# Brief
Wherever "from" shows up in the records below, copy the whole line.
══ Available data
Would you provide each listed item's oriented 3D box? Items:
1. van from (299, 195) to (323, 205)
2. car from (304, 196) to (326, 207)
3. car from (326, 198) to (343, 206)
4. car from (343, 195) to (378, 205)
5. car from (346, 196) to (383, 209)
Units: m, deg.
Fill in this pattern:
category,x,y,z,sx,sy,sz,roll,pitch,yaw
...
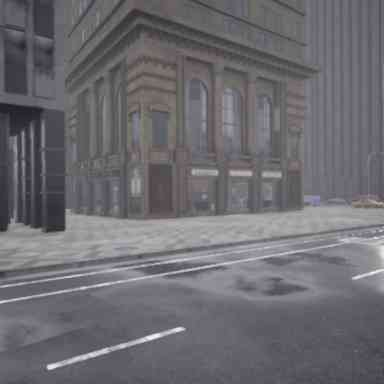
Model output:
category,x,y,z,sx,sy,sz,roll,pitch,yaw
van,22.820,1.581,64.044,1.690,1.788,3.998,-2,0,-35
car,19.029,1.792,54.631,2.008,1.369,4.403,-2,0,-35
car,25.766,1.754,59.892,1.802,1.307,4.206,-2,0,-35
car,28.698,1.418,55.740,2.192,1.841,5.009,-2,0,-35
car,24.781,1.631,46.523,1.752,1.417,4.829,-2,0,-35
════
# Answer section
1. van from (299, 195) to (323, 205)
2. car from (304, 196) to (326, 207)
3. car from (326, 198) to (343, 206)
4. car from (343, 195) to (378, 205)
5. car from (346, 196) to (383, 209)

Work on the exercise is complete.